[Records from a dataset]
┏━━

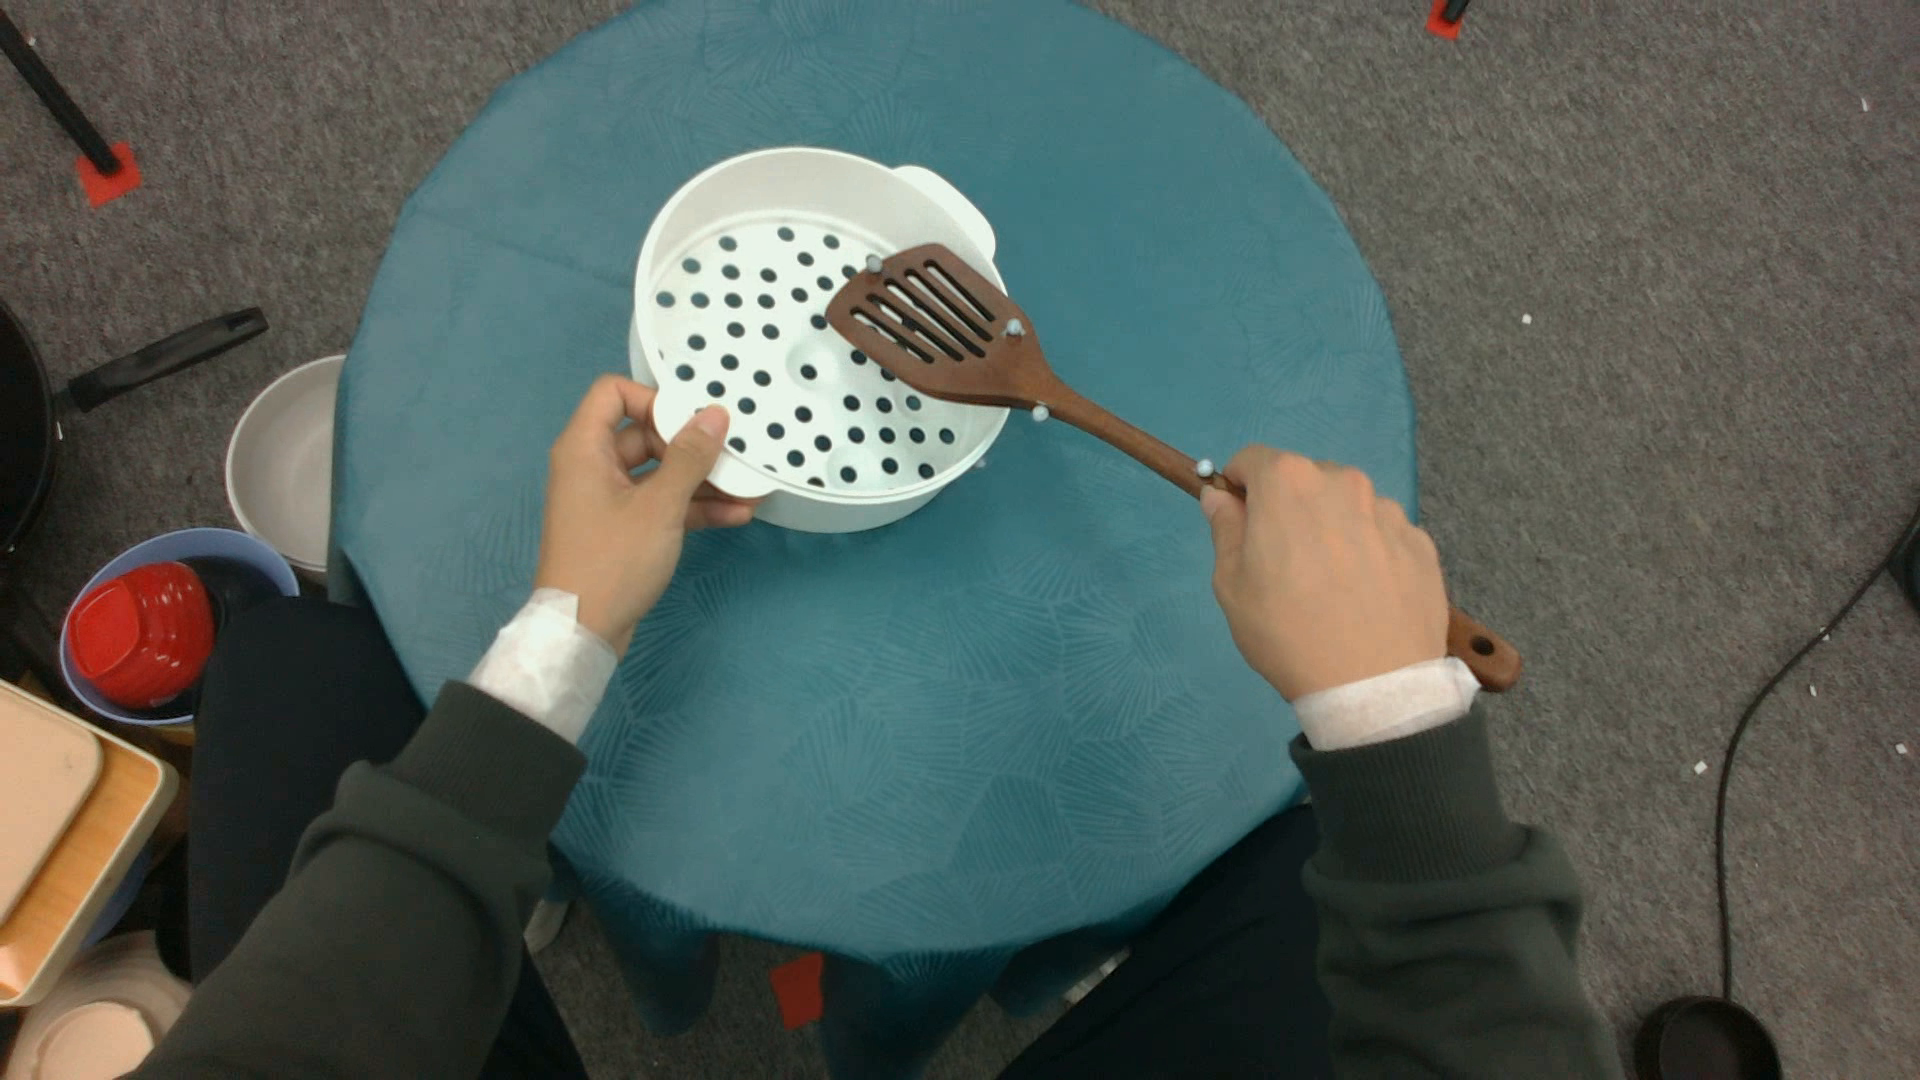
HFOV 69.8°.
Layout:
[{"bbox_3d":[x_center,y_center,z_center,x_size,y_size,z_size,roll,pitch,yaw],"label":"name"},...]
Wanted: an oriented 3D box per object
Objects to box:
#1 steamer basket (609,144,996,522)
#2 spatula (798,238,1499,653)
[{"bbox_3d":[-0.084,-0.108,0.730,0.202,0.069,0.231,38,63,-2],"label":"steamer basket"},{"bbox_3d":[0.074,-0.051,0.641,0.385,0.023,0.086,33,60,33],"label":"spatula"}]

┗━━
┏━━

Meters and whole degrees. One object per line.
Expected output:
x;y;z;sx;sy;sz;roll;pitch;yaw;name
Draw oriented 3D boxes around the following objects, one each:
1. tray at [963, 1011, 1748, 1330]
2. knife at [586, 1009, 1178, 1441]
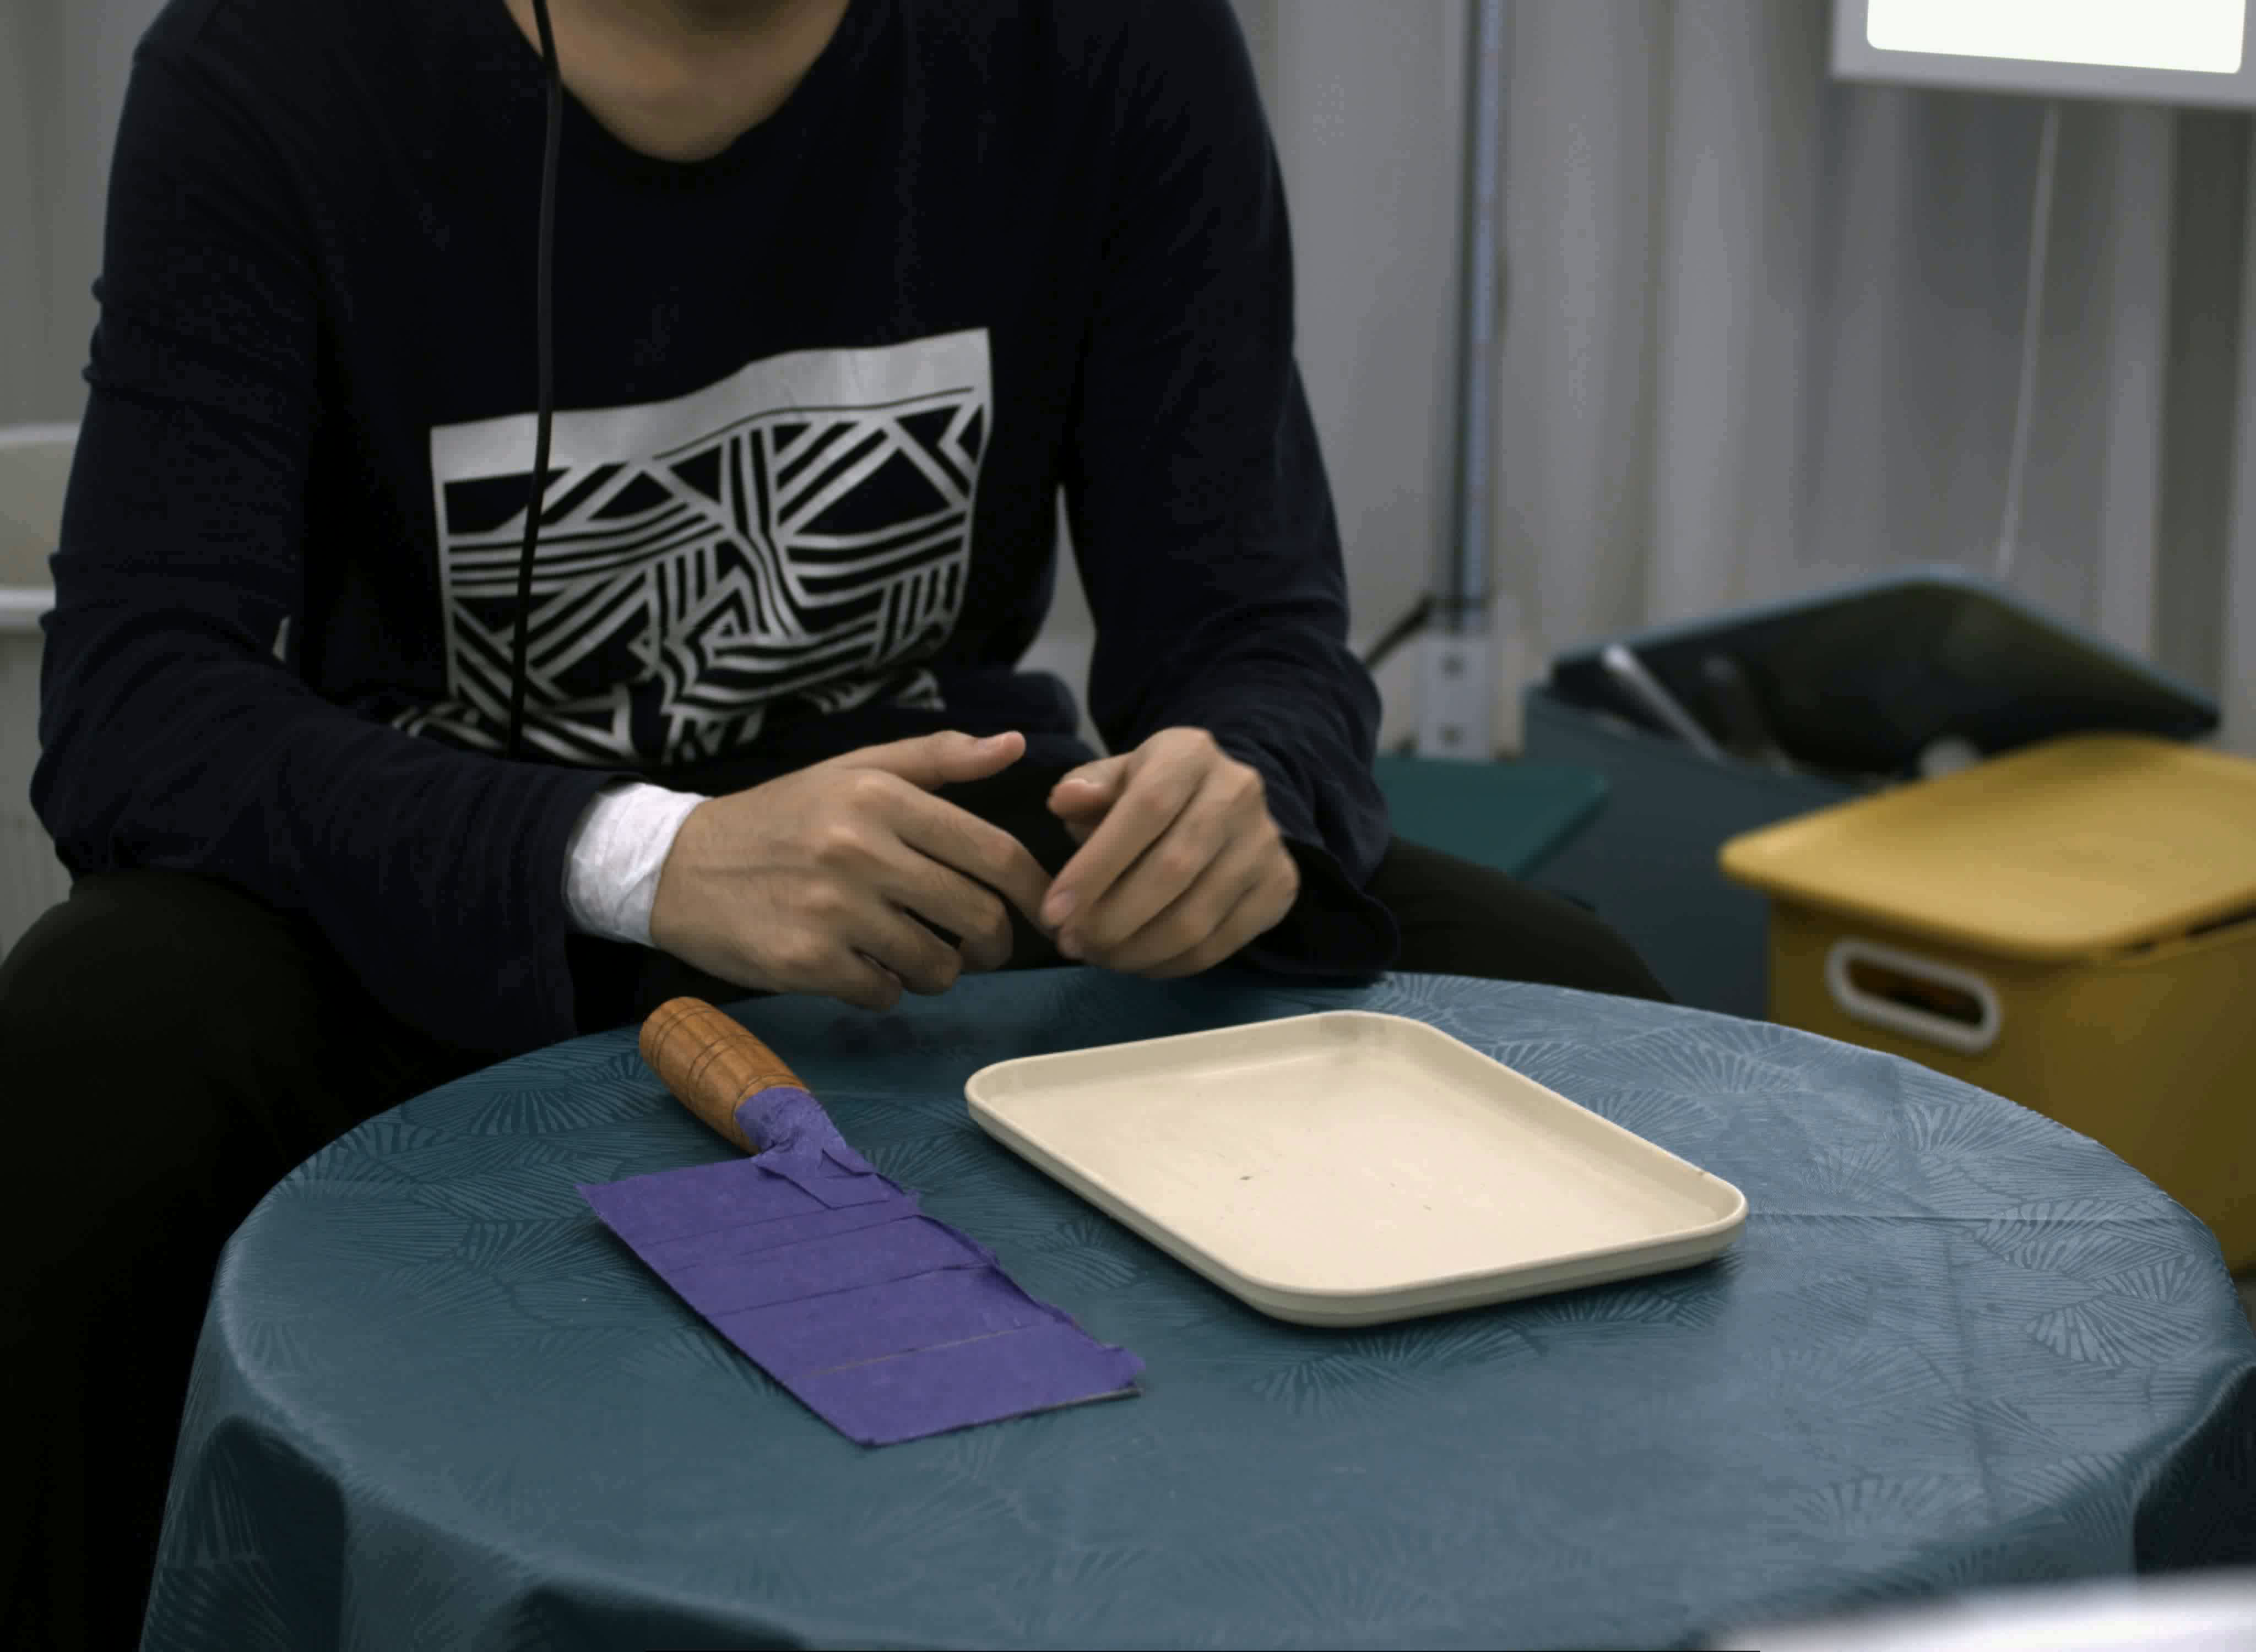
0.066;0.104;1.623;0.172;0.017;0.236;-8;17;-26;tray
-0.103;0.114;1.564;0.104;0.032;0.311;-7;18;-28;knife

┗━━

■ What the exercise asks ■
Looking at the records, state how many lines contain "oriented" and write nothing besides that number.

■ Written response ■
2